PG1204 opened a new pull request, #5123:
URL: https://github.com/apache/texera/pull/5123


   ### Summary
   Related to issue #5041 
   
   First PR in a stacked series landing the HuggingFace operator end-to-end. 
This PR adds **only** the backend REST resource — no operator code yet. The 
resource is independently useful (the frontend can already integrate with it) 
and lets reviewers absorb the API surface before the operator class lands.
   
   ### What's changes were proposed in this PR?
   
   Introduces `HuggingFaceModelResource`, a Jersey resource registered at 
`/api/huggingface/*`:
   
   | Endpoint | Purpose |
   |---|---|
   | `GET /api/huggingface/models` | Browse / search models per task. Uses an 
in-process cache for browse mode and forwards to HF Hub for search. |
   | `GET /api/huggingface/tasks` | Fetch HF pipeline tags filtered to tasks 
with hosted inference.

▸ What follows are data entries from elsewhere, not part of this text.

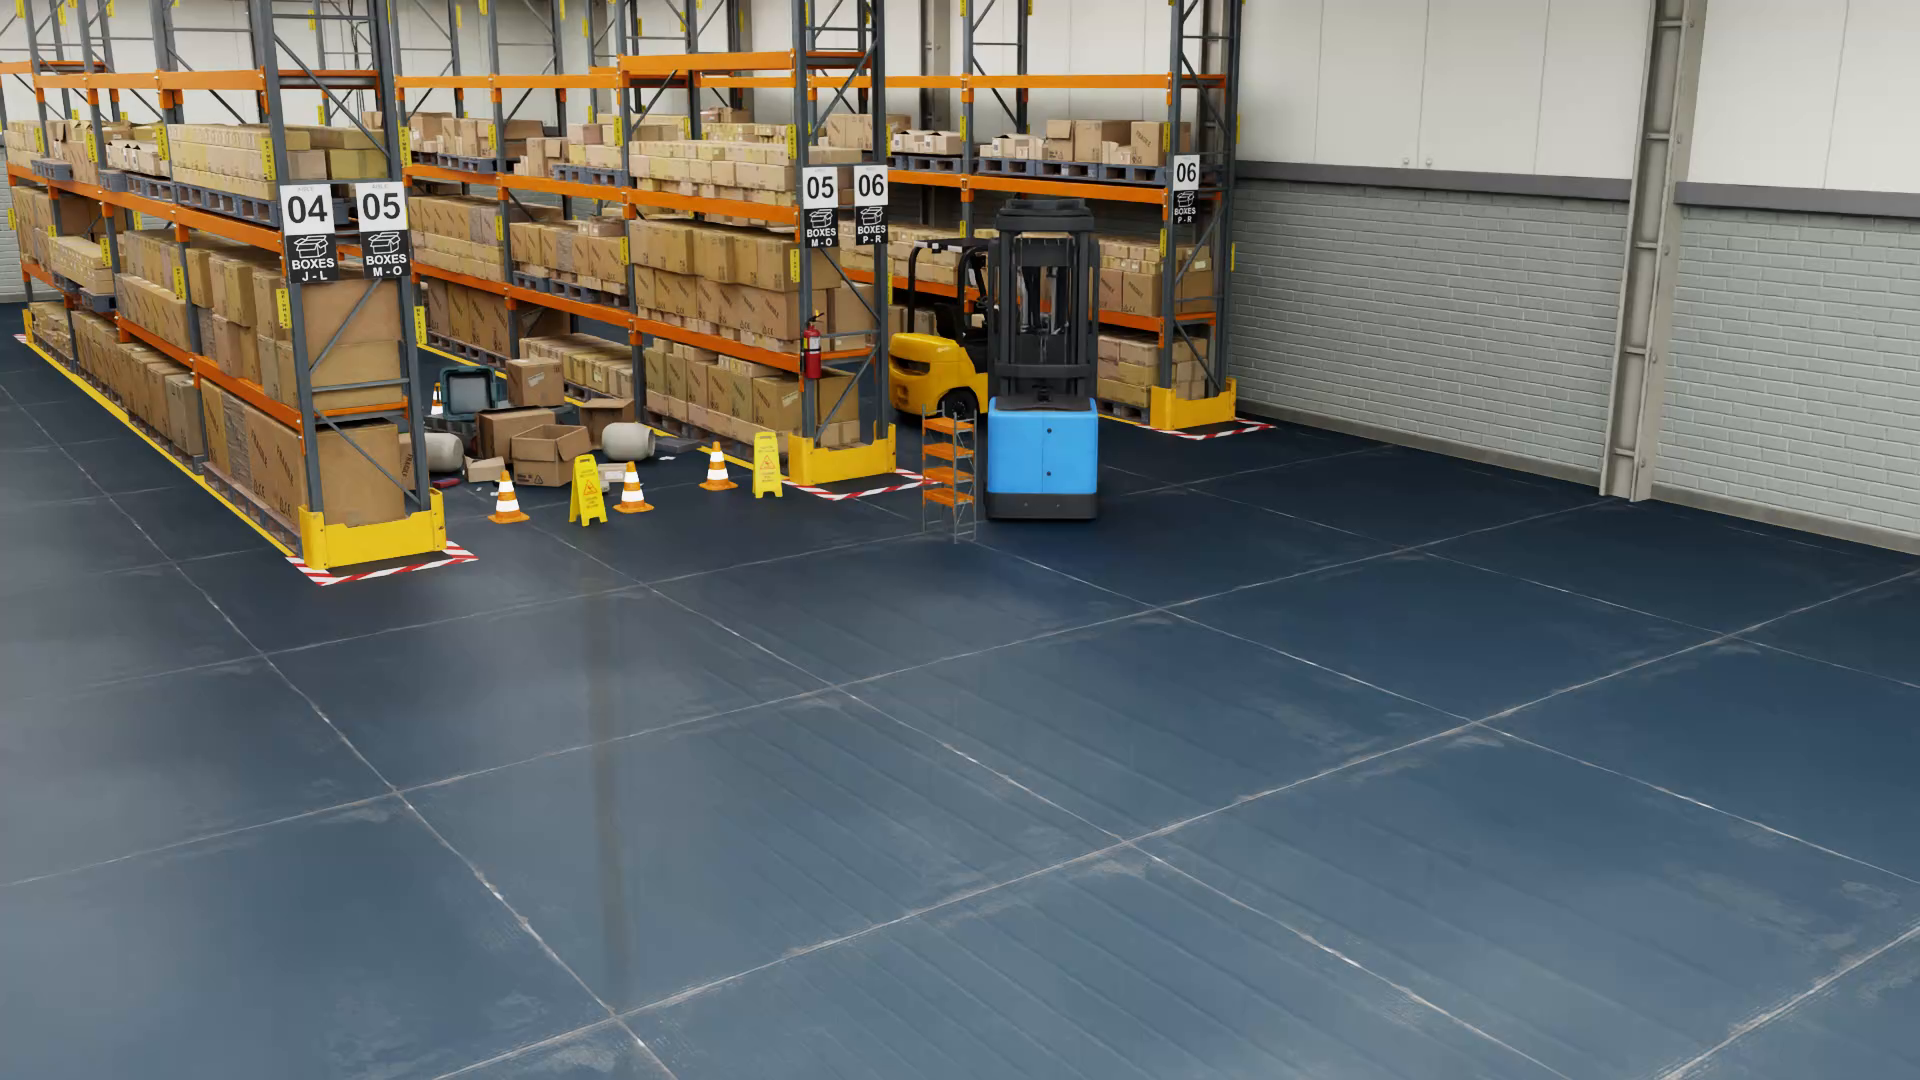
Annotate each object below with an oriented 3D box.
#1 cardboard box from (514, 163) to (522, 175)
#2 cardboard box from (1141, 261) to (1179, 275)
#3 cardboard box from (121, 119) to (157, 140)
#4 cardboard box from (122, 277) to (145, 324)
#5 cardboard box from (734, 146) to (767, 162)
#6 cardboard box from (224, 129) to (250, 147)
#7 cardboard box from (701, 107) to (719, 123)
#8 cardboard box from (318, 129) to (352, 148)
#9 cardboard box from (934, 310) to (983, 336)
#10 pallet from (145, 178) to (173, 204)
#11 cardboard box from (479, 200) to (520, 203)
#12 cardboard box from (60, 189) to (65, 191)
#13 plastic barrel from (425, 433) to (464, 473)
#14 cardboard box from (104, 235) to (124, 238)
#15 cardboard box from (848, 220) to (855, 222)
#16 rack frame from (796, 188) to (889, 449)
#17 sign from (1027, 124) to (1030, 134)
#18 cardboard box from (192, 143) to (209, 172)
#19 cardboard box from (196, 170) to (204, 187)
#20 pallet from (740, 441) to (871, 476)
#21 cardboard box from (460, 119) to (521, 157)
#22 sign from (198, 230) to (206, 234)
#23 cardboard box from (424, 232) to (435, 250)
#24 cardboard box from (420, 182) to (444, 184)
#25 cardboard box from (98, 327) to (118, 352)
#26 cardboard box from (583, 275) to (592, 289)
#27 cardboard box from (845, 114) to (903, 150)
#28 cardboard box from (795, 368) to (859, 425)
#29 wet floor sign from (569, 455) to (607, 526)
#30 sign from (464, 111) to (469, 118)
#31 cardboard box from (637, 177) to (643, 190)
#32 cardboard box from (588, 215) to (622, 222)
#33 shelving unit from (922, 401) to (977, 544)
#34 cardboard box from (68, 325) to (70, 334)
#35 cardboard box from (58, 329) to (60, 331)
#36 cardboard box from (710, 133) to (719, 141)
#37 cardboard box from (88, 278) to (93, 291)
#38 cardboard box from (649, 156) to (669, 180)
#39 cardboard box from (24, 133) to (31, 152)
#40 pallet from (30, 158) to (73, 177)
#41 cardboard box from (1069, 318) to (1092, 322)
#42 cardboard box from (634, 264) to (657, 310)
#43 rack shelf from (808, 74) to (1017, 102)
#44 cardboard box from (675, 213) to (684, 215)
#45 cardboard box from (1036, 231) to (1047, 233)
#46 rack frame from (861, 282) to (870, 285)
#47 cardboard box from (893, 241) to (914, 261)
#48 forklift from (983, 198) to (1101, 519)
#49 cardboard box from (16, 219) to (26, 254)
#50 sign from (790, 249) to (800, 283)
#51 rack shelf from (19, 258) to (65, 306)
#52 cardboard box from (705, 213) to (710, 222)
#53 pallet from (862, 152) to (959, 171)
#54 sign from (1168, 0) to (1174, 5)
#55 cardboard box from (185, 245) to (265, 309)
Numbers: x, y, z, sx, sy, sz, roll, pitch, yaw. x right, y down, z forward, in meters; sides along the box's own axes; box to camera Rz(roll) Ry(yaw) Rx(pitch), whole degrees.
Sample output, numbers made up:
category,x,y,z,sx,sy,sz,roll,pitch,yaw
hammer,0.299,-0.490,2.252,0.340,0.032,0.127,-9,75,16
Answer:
category,x,y,z,sx,sy,sz,roll,pitch,yaw
cardboard box,-5.843,-5.049,22.633,0.380,0.149,0.250,-11,19,-35
cardboard box,2.396,-3.271,19.928,0.380,0.149,0.250,-11,19,-34
cardboard box,-10.335,-5.178,20.993,0.396,0.266,0.258,-11,19,-35
cardboard box,-9.488,-2.829,19.541,0.500,0.500,0.500,-11,19,-35
cardboard box,-2.155,-4.073,17.559,0.380,0.149,0.250,-11,19,-35
cardboard box,-6.199,-3.515,14.537,0.380,0.149,0.250,-11,19,-34
cardboard box,-4.335,-7.243,28.319,0.396,0.266,0.258,-11,19,-35
cardboard box,-5.367,-3.508,14.510,0.380,0.149,0.250,-11,19,-35
cardboard box,0.159,-2.901,23.694,0.875,0.625,0.625,-10,18,-32
pallet,-8.062,-3.715,17.648,0.805,0.209,1.217,-12,19,-37
cardboard box,-6.868,-4.816,24.906,0.500,0.500,0.500,-11,18,-34
cardboard box,-13.457,-5.132,25.498,0.500,0.500,0.500,-10,18,-32
plastic barrel,-5.575,-0.926,17.657,0.512,0.421,0.421,1,15,4
cardboard box,-11.634,-4.136,23.061,0.380,0.149,0.250,-12,19,-36
cardboard box,-1.522,-4.911,25.918,0.380,0.149,0.250,-10,18,-33
rack frame,-1.186,-2.108,17.097,1.000,3.000,0.127,-11,19,-35
sign,0.923,-5.554,22.877,0.100,0.325,0.005,-11,19,-35
cardboard box,-6.827,-3.578,15.521,0.500,0.250,0.500,-11,19,-35
cardboard box,-6.944,-3.401,15.631,0.380,0.149,0.250,-11,19,-35
pallet,-1.680,-0.958,18.178,1.003,0.211,1.213,-11,19,-35
cardboard box,-6.626,-5.696,23.538,0.700,0.500,0.500,-12,19,-37
sign,-9.388,-3.672,20.617,0.100,0.325,0.005,-11,19,-35
cardboard box,-7.882,-4.595,25.519,0.500,0.250,0.500,-11,18,-34
cardboard box,-8.566,-5.722,26.988,0.380,0.149,0.250,-11,19,-35
cardboard box,-10.755,-2.597,21.401,0.500,0.250,0.500,-11,19,-34
cardboard box,-4.538,-3.273,21.034,0.380,0.149,0.250,-11,19,-34
cardboard box,-1.271,-6.049,24.638,0.700,0.500,0.500,-11,19,-36
cardboard box,-1.452,-1.566,18.110,0.500,0.500,0.500,-12,19,-36
wet floor sign,-3.512,-0.484,15.622,0.232,0.644,0.267,14,21,42
sign,-7.809,-6.605,26.269,0.100,0.325,0.005,-11,19,-35
cardboard box,-3.554,-4.182,19.469,0.380,0.149,0.250,-11,19,-35
cardboard box,-4.700,-4.218,22.028,0.380,0.149,0.250,-12,19,-37
shelving unit,-0.097,-0.614,15.047,0.258,1.200,0.503,-11,19,-35
cardboard box,-12.606,-3.031,23.945,0.380,0.149,0.250,-10,18,-33
cardboard box,-13.204,-3.100,24.762,0.380,0.149,0.250,-10,18,-33
cardboard box,-3.943,-6.726,27.777,0.380,0.149,0.250,-11,19,-34
cardboard box,-10.641,-3.195,20.749,0.380,0.149,0.250,-11,19,-35
cardboard box,-3.190,-4.235,18.907,0.500,0.250,0.500,-11,19,-35
cardboard box,-13.271,-5.779,24.163,0.500,0.250,0.500,-10,18,-32
pallet,-11.910,-5.089,22.660,1.213,0.211,1.003,-11,19,-35
cardboard box,1.517,-2.801,22.148,0.500,0.250,0.500,-11,19,-34
cardboard box,-3.505,-3.017,19.664,0.500,0.500,0.500,-11,19,-35
rack shelf,-0.701,-6.514,23.952,1.077,0.370,4.000,-11,19,-35
cardboard box,-4.904,-5.877,30.588,0.500,0.250,0.500,-10,18,-33
cardboard box,1.187,-4.102,22.402,0.380,0.149,0.250,-11,19,-35
rack frame,-1.877,-4.588,26.156,1.000,3.000,0.127,-11,19,-35
cardboard box,-0.625,-4.186,24.027,0.500,0.250,0.500,-10,18,-33
forklift,0.824,-1.943,16.624,1.130,2.935,3.031,1,15,2
cardboard box,-14.498,-4.788,26.134,0.500,0.500,0.500,-10,18,-32
sign,-1.647,-2.737,16.603,0.100,0.325,0.005,-11,19,-35
rack shelf,-13.363,-3.961,25.228,1.077,0.370,4.000,-11,19,-35
cardboard box,-4.126,-5.555,28.704,0.700,0.500,0.500,-10,18,-33
pallet,-0.746,-5.574,24.436,1.003,0.211,1.213,-10,18,-32
sign,2.379,-6.181,18.692,0.100,0.325,0.005,-11,19,-35
cardboard box,-7.294,-2.682,16.862,0.875,0.550,0.550,-11,19,-35

Cached process-lifetime. |
   | `POST /api/huggingface/upload-audio` | Upload audio bytes for HF audio 
tasks; stores in `/tmp/texera-hf-audio/` and returns the file path. |
   | `GET /api/huggingface/audio-preview` | Stream uploaded audio 
(path-validated to prevent traversal). |
   | `GET /api/huggingface/media-proxy` | Proxy remote media URLs (HF inference 
responses) to bypass browser CORS. |
   
   Also a one-line registration in `TexeraWebApplication.scala`.
   
   ### Stacked PR plan
   
   This is **PR 1 of ~9**. Subsequent PRs will add:
   
   - PR 2: refactored `HuggingFaceInferenceOpDesc` skeleton + text-generation 
codegen
   - PRs 3–5: per-task-family codegen (image, audio + media-gen, QA/ranking)

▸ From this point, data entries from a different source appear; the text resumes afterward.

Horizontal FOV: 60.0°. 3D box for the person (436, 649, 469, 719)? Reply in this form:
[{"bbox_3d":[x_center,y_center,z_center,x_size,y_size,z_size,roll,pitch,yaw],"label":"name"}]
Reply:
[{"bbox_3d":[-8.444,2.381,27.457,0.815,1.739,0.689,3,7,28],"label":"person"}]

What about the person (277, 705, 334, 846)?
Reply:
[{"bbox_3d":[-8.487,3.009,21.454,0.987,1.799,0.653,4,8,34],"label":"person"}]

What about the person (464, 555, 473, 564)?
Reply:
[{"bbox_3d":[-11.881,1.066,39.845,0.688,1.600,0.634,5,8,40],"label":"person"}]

   - PRs 6–8: frontend (task/model selector, property-editor visibility, 
result-panel media)
   - PR 9: developer docs
   
   ### Test plan
   
   - [x] `sbt "amber/test"` passes locally
   - [ ] Hit `GET /api/huggingface/tasks` and confirm JSON list of supported 
tasks
   - [ ] Hit `GET /api/huggingface/models?task=text-generation` and confirm 
paginated model list
   - [ ] `POST /api/huggingface/upload-audio` with a small WAV, then fetch via 
`/api/huggingface/audio-preview` and confirm the bytes match
   - [ ] `GET /api/huggingface/media-proxy?url=…` with a known HF inference 
response URL and confirm the response is streamed
   
   ### Authored / co-authored using generative AI tooling?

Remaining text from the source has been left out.